Here is that selection of my mathematically-oriented posts of the last year or so:

A post from August 2014 explaining why batting 15 points above league average is sometimes actually hitting at league average. This in the context of examining one upcoming player.

A comment titled “Expected frequency of reverse platoon splits exceeds the actual numbers” to the article “Are reverse platoon splits sustainable?” on Beyond The Box Score. In this comment (scroll to the bottom of the comments section) I used binomial theory to come up with what would be the expected number of players, based on random chance alone, having a reverse platoon split in on-base percentage for the years 2012 and 2013. I show that the actual numbers were less than the numbers you’d expect by random chance, seeming to indicate that reverse platoon splits are unsustainable.

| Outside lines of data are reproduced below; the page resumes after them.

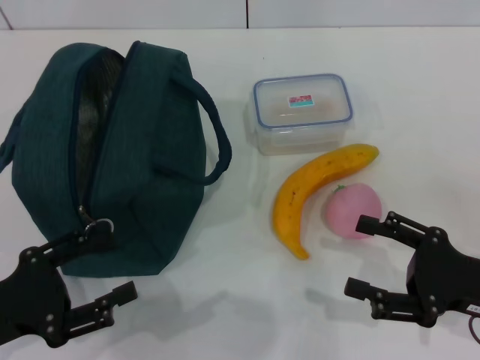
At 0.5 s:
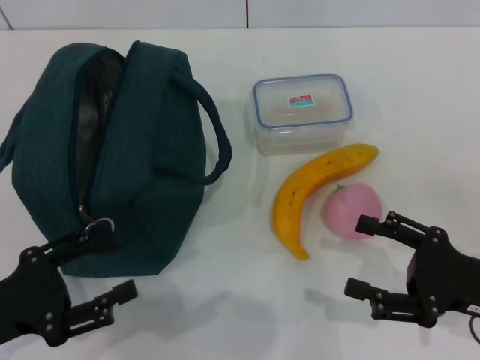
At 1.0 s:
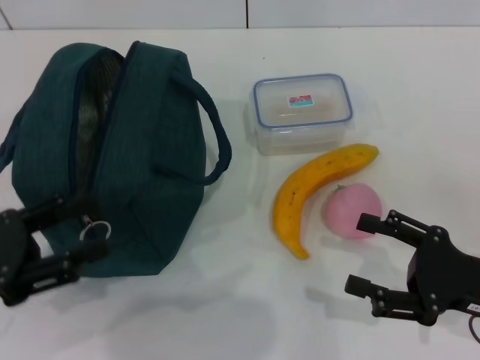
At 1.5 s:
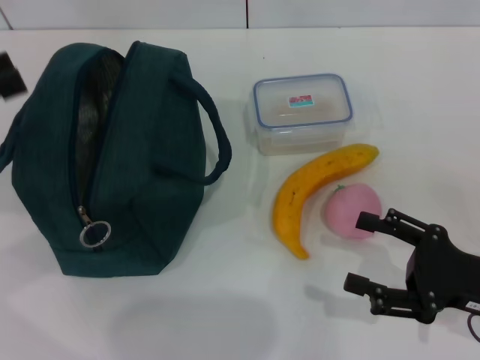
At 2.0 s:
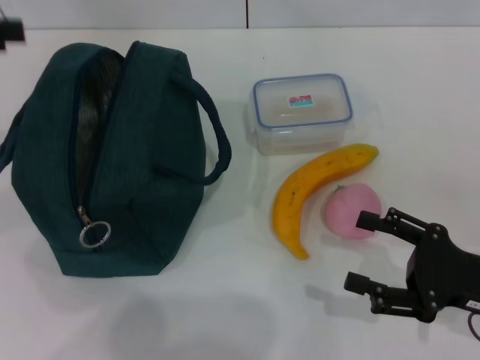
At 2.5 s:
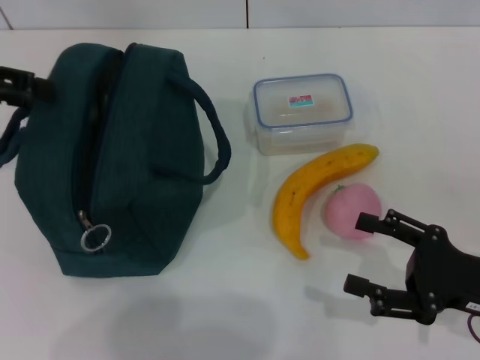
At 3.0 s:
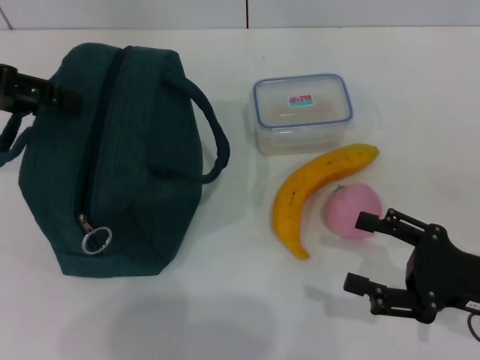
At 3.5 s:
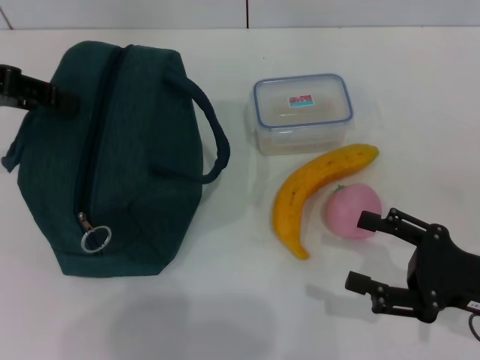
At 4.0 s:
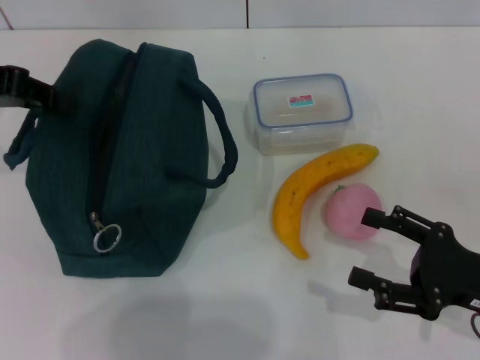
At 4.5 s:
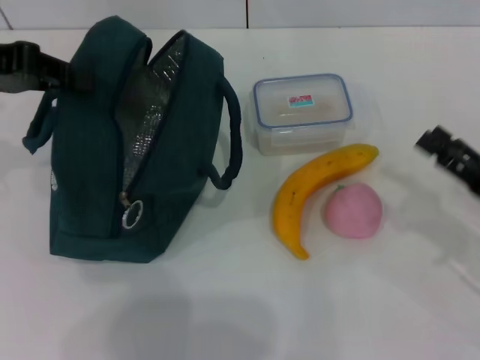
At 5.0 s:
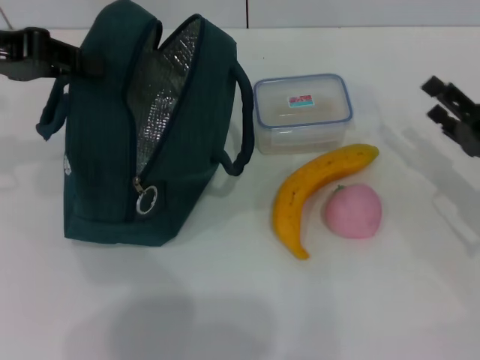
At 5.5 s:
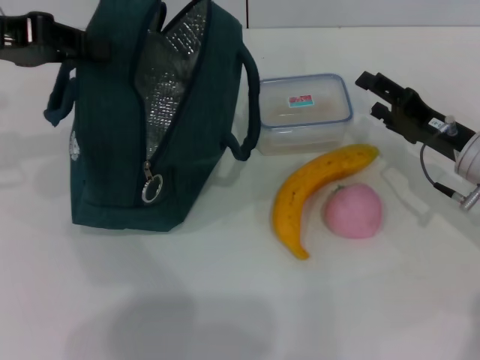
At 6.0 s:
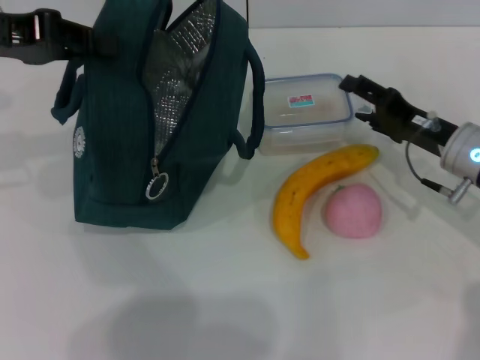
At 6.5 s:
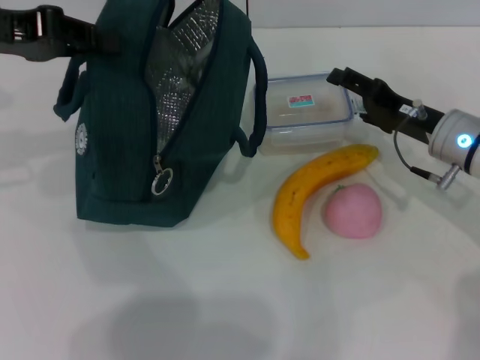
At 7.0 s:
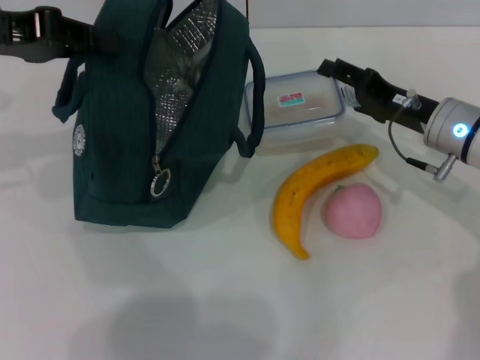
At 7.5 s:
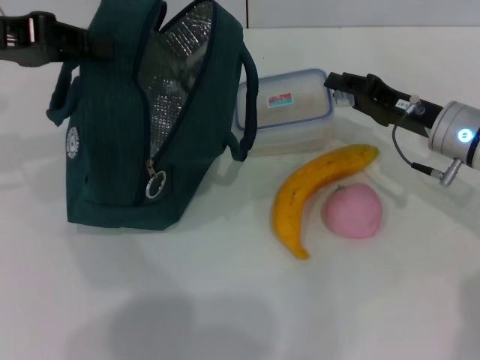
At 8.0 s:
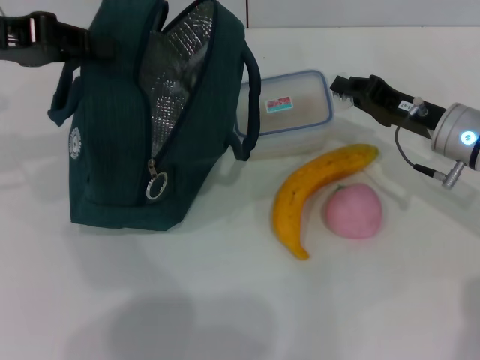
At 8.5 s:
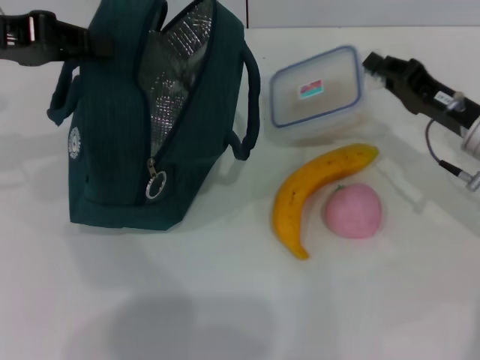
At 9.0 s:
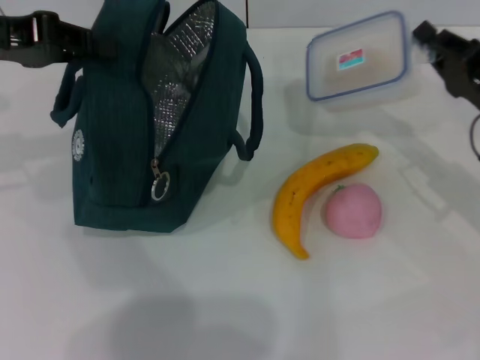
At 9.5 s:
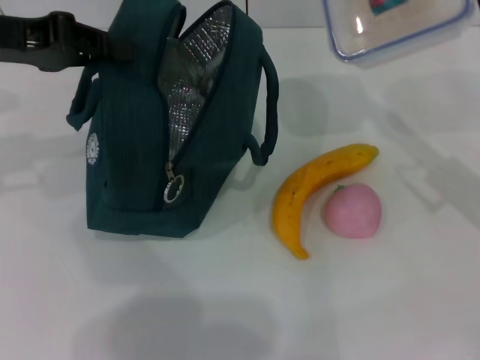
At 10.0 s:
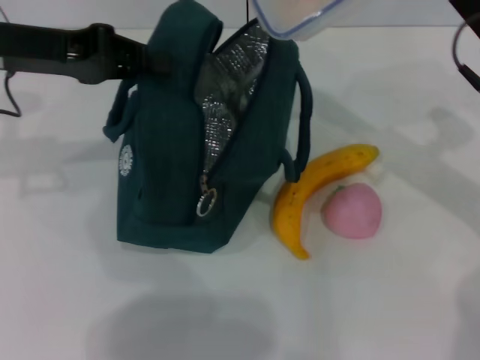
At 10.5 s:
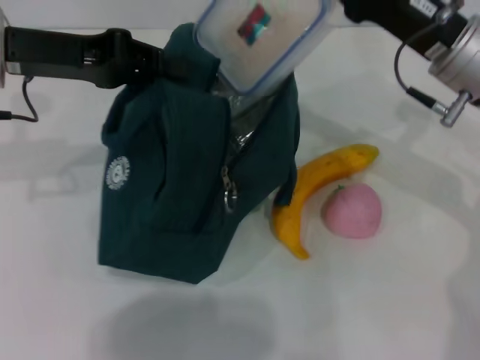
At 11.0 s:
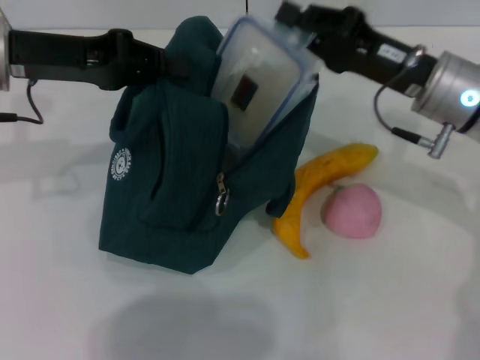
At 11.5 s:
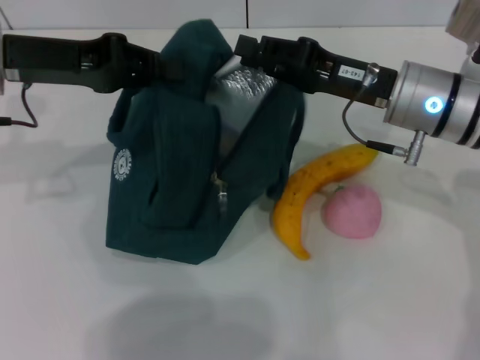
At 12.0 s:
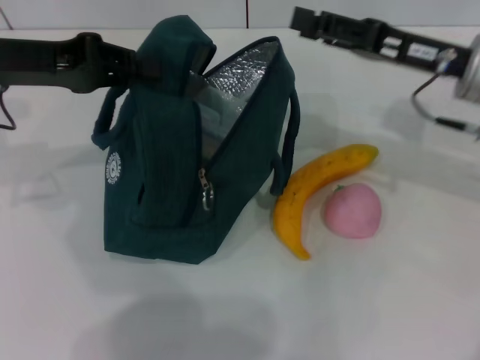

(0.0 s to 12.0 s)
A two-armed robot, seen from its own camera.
Step, 0.0 s - 3.5 s: Hold the lunch bag with your left hand.
Step, 4.0 s - 7.5 s: Pick up the lunch box with your right hand.
Step, 8.5 s - 11.0 s: Place the lunch box into the lunch bag with your right hand.
0.0 s - 2.0 s: The left gripper heads upward and forward, covering about 25 cm.
2.0 s - 4.0 s: The left gripper changes place by roughly 5 cm, and closes.
4.0 s - 6.0 s: The right gripper shifts about 15 cm forward.
6.0 s - 8.0 s: The right gripper closes its fingers.
8.0 s - 10.0 s: The right gripper goes about 10 cm upward.
10.0 s - 12.0 s: The right gripper opens its fingers.

A comment titled “No, because starters face more batters” to the article “The Hidden Perfect Games of Relievers” on Beyond The Box Score. In this comment (scroll to the next-to-last comment), after making two points about the right way to compare starters and relievers for the purpose of the article, I discussed my first attempts at producing an expected number of “wrap-around” perfect games that will occur in a given season for starters and relievers, to help clarify any meaning that might be attached to the reported results. I did complete that work, which I plan to publish later on this blog, in a post about the math of streaks.

A post from September 2014 that argues that a certain young player is better than his overall numbers say he is, by analyzing his advancement as a hitter at each new level he played at.

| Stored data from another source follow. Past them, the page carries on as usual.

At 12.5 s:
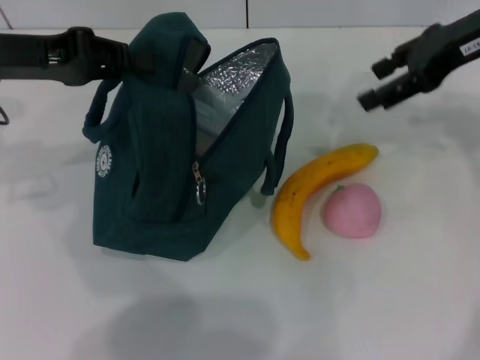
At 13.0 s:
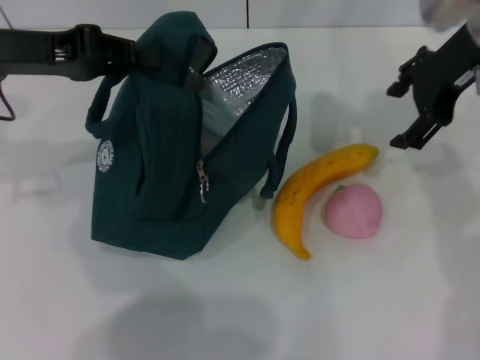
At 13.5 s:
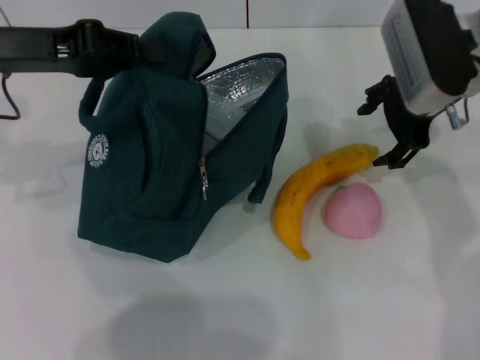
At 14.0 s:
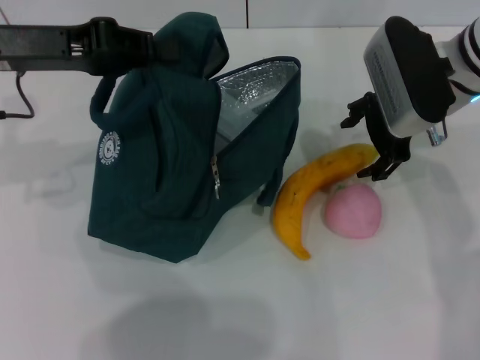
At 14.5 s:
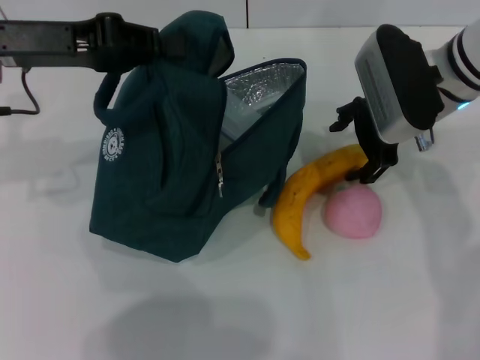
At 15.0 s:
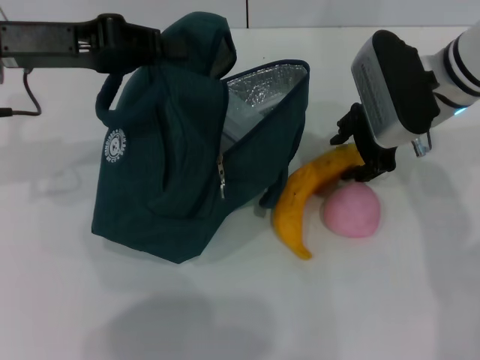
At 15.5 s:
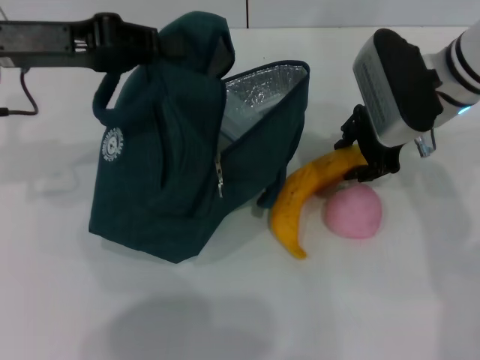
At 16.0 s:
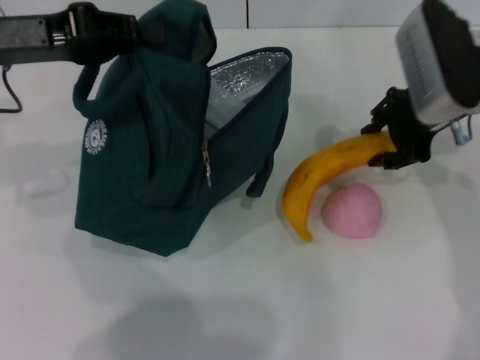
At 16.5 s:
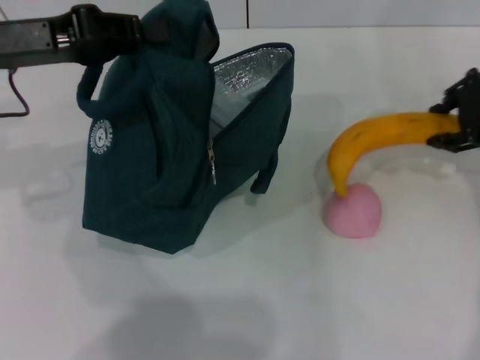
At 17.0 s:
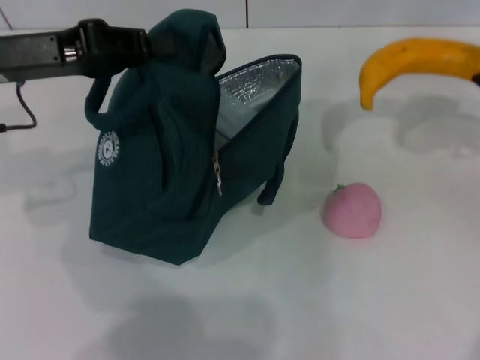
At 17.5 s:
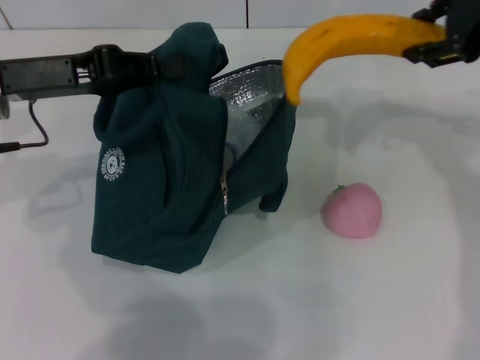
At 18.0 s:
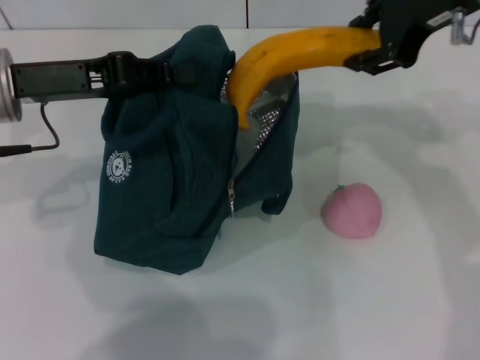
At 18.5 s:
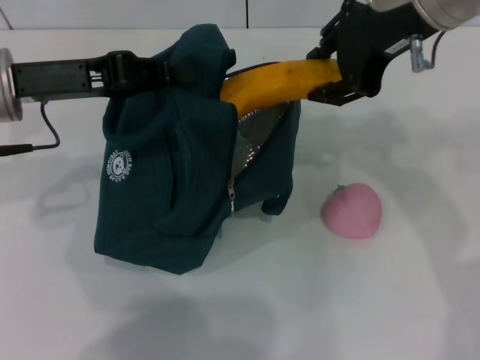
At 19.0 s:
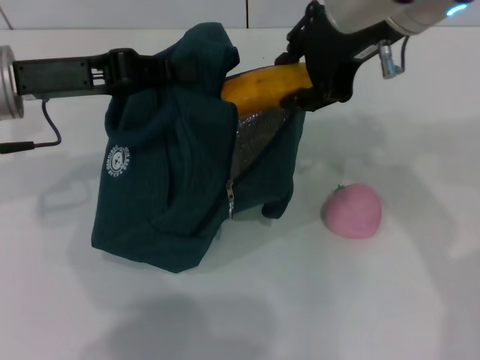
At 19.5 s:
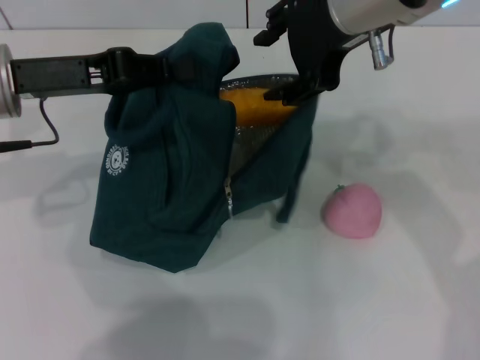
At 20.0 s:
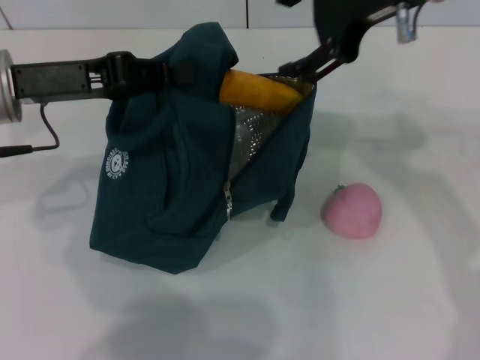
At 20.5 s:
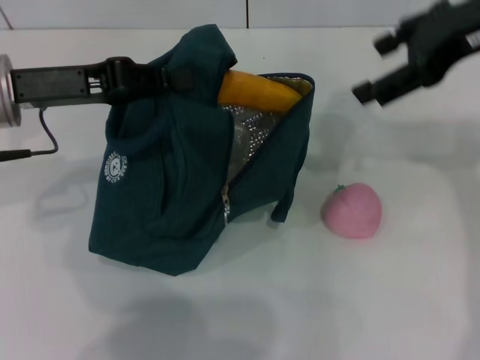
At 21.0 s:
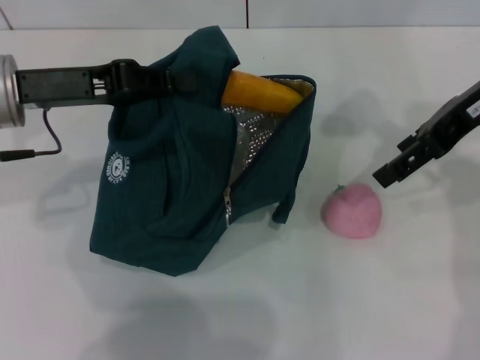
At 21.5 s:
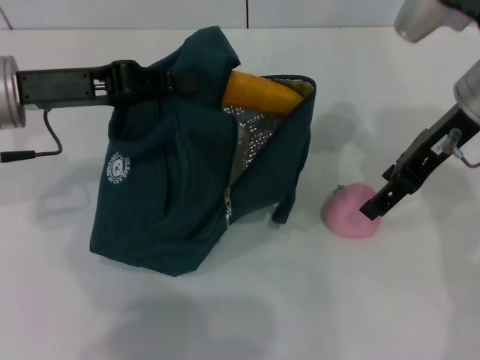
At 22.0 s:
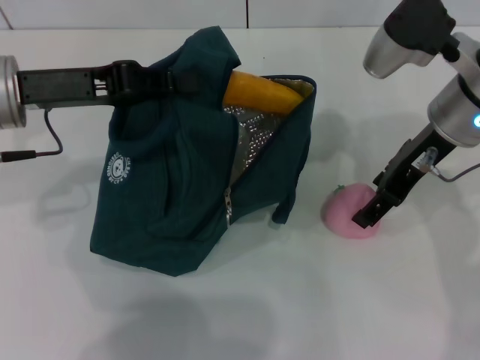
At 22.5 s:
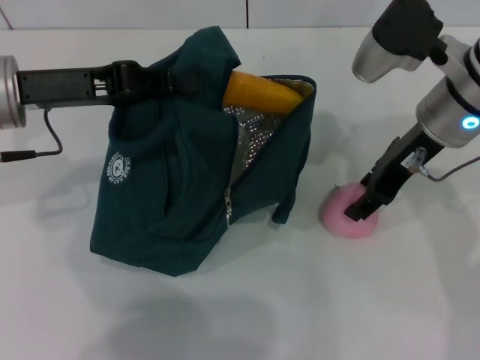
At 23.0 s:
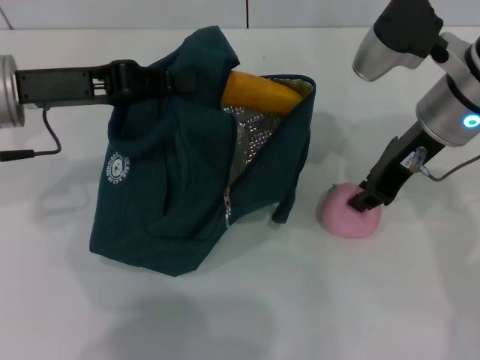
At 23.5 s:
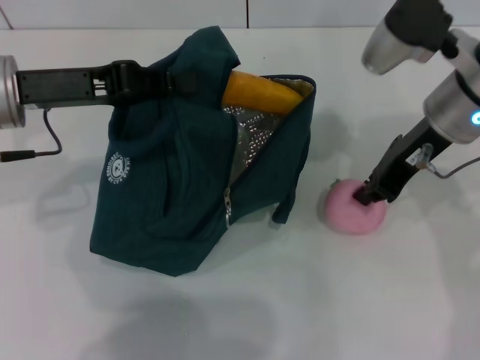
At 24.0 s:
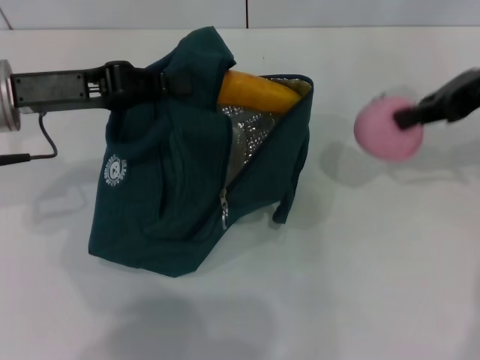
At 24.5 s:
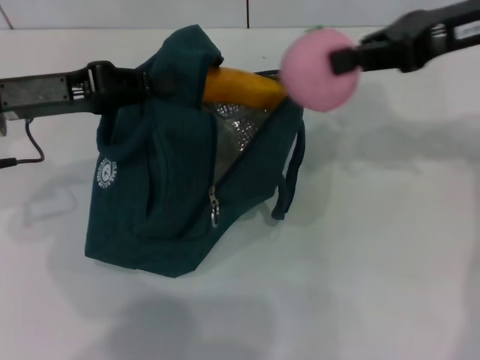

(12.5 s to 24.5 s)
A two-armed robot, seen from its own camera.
Step, 12.5 s - 15.5 s: Take the banana with your right hand.
Step, 16.0 s - 19.5 s: Put the banana into the lunch bag with your right hand.
Step, 20.0 s - 22.5 s: Grab the peach with your right hand.
12.5 s - 14.5 s: The right gripper is displaced downward and to the left by about 10 cm.
14.5 s - 16.5 s: The right gripper is displaced to the right by some 10 cm, and closes its fingers.
16.5 s - 18.5 s: The right gripper is displaced to the left and upward by some 15 cm.
18.5 s - 20.5 s: The right gripper heads to the right, covering about 10 cm, and opens its fingers.
20.5 s - 22.5 s: The right gripper heads downward and to the left, covering approximately 10 cm.
22.5 s - 24.5 s: The right gripper shifts approximately 10 cm upward and to the right, and closes.

A post from September 2013 explaining why one baseball team’s chances of making the playoffs were ridiculously close to, but not quite exactly, 100%.

A post from later in September 2013 which explains (in more detail than anyone probably cared to read) why that same baseball team’s chances of having home-field advantage were about 7 out of 11 (washing dishes at night gave me a lot of time to listen to baseball and think about this stuff).